Problem to work on:
Show all lines containing "variance" from the data below.

Data for this task:
***

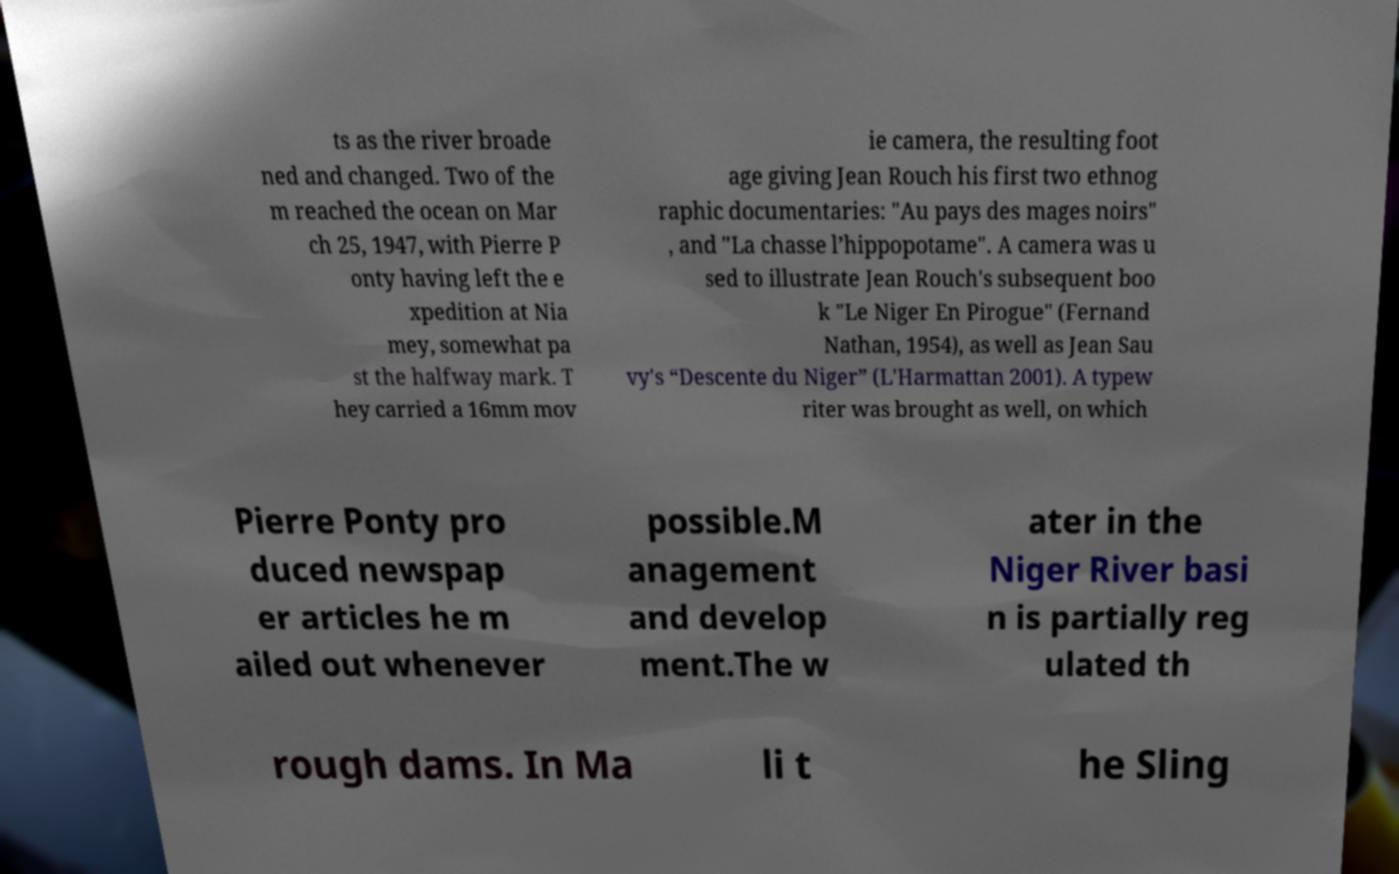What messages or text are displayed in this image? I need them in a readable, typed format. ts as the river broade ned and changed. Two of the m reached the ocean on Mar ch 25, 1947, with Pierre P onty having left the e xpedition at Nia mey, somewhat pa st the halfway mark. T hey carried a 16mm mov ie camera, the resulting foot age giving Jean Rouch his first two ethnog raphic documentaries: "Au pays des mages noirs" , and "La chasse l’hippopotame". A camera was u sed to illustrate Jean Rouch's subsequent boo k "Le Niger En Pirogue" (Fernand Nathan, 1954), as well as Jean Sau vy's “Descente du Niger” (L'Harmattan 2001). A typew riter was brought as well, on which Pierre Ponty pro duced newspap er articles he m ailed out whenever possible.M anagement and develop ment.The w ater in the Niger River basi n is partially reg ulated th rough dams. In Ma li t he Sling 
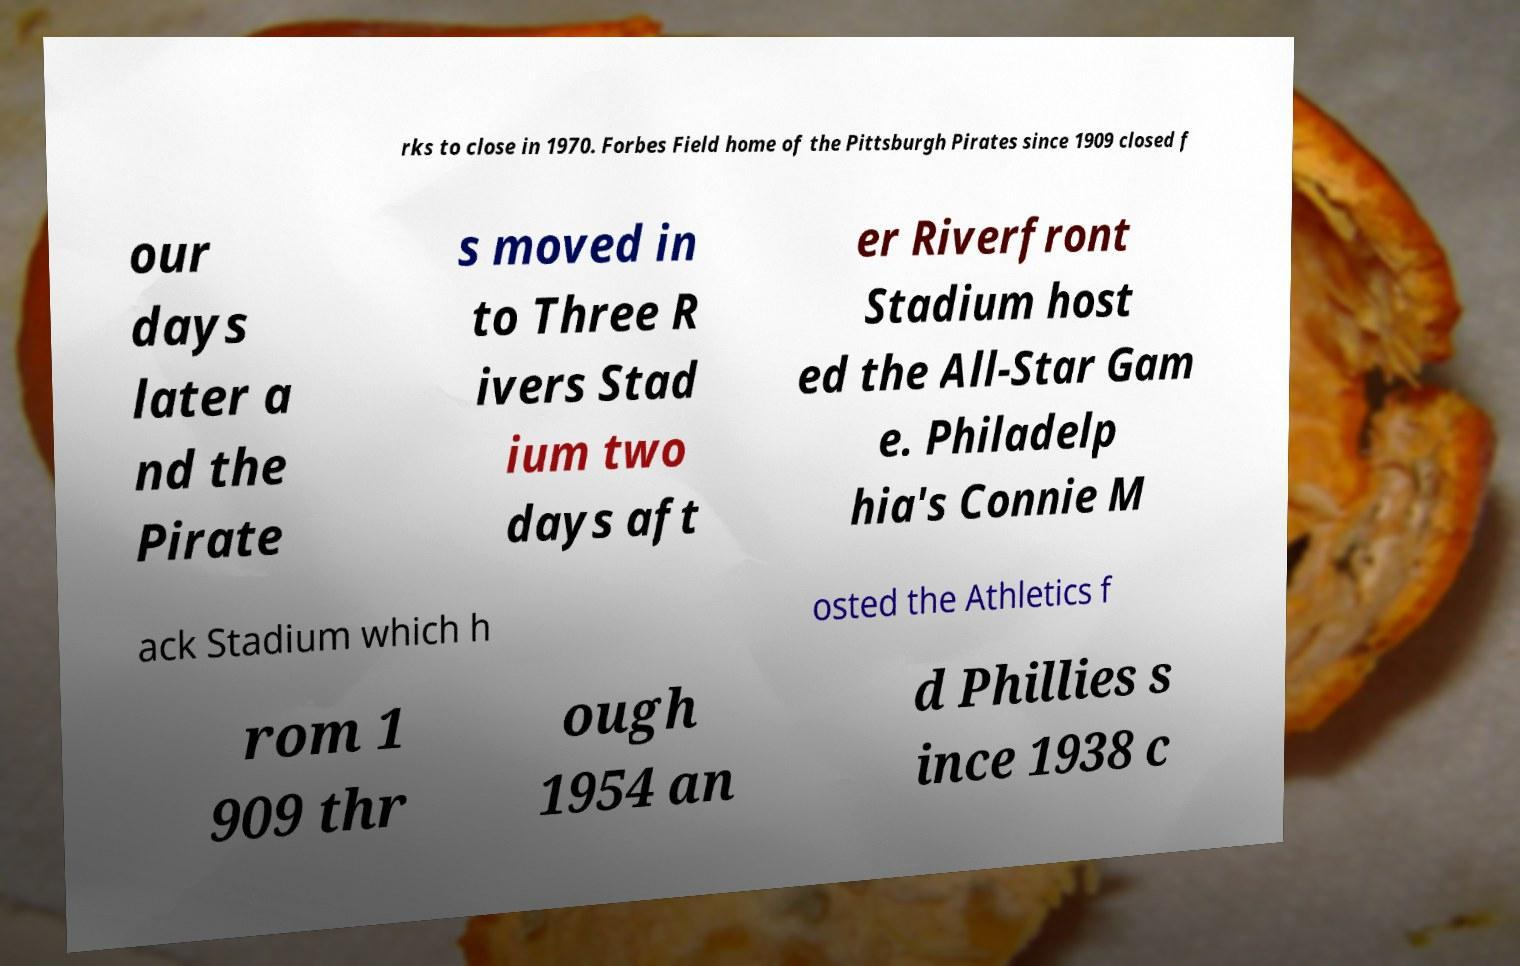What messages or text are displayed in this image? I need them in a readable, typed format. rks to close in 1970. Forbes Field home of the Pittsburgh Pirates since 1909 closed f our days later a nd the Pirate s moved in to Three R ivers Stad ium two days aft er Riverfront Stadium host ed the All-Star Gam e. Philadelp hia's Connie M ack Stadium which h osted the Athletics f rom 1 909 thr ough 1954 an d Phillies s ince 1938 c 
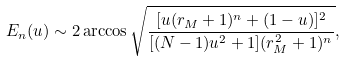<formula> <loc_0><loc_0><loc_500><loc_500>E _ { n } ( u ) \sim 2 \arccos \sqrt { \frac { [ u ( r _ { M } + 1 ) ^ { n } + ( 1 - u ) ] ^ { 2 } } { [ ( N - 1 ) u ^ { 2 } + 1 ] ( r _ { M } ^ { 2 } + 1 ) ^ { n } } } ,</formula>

***

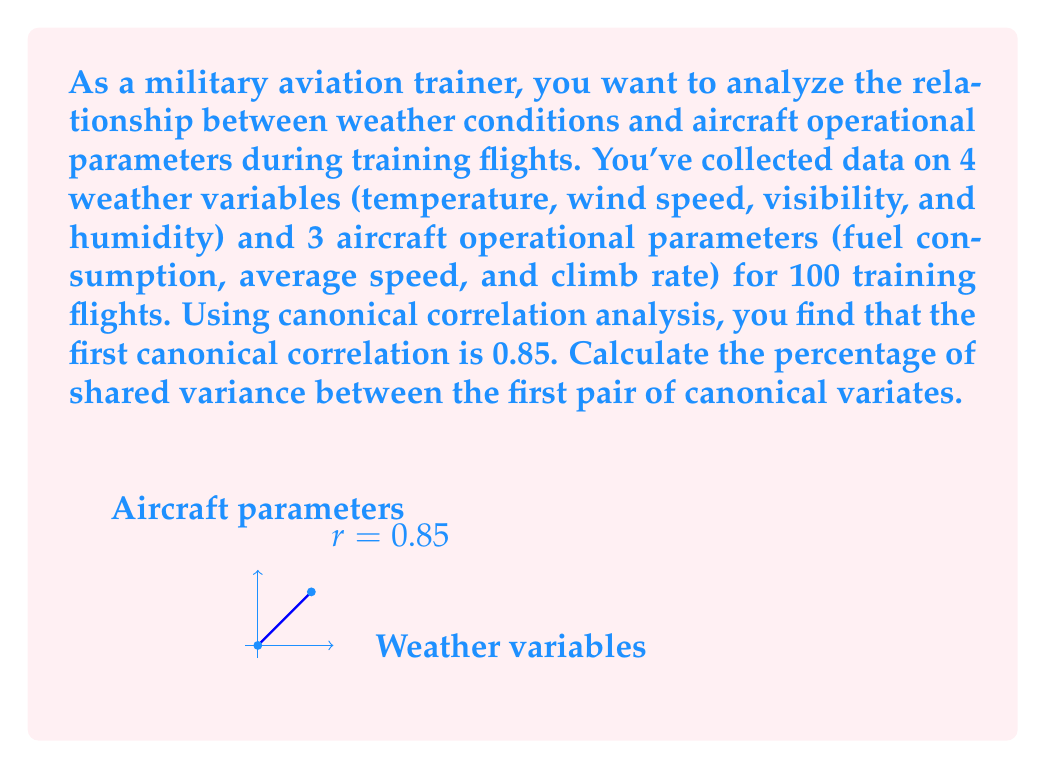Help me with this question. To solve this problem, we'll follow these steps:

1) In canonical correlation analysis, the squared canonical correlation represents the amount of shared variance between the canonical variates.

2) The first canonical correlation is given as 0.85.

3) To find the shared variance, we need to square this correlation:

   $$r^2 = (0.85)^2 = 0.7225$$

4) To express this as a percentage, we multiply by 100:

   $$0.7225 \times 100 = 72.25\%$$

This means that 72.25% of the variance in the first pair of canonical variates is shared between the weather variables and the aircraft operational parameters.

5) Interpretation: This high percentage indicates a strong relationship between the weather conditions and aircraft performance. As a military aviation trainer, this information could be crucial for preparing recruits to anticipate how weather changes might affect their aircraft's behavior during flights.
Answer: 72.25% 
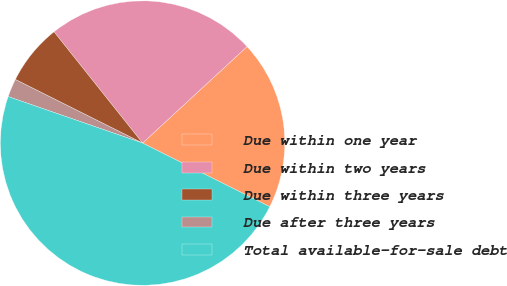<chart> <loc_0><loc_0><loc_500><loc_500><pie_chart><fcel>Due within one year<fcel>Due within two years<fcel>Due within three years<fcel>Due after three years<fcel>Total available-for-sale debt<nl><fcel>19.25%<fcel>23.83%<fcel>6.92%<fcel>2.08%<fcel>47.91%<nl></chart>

***

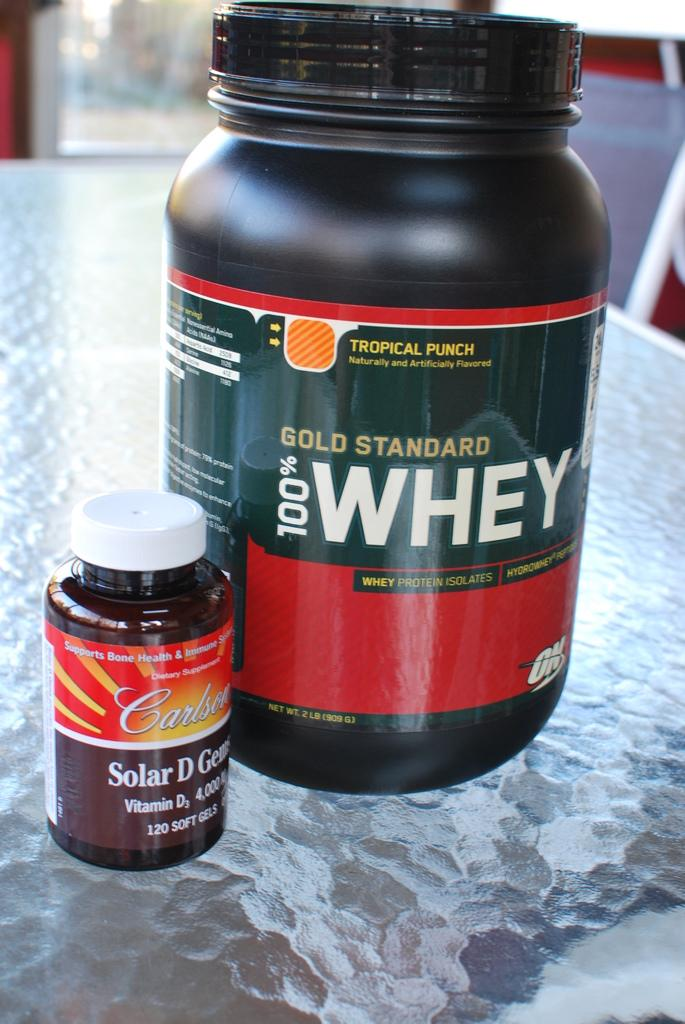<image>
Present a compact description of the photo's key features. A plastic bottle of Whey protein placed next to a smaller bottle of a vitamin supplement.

***

Task response:
1) In canonical correlation analysis, the squared canonical correlation represents the amount of shared variance between the canonical variates.
3) To find the shared variance, we need to square this correlation:
This means that 72.25% of the variance in the first pair of canonical variates is shared between the weather variables and the aircraft operational parameters.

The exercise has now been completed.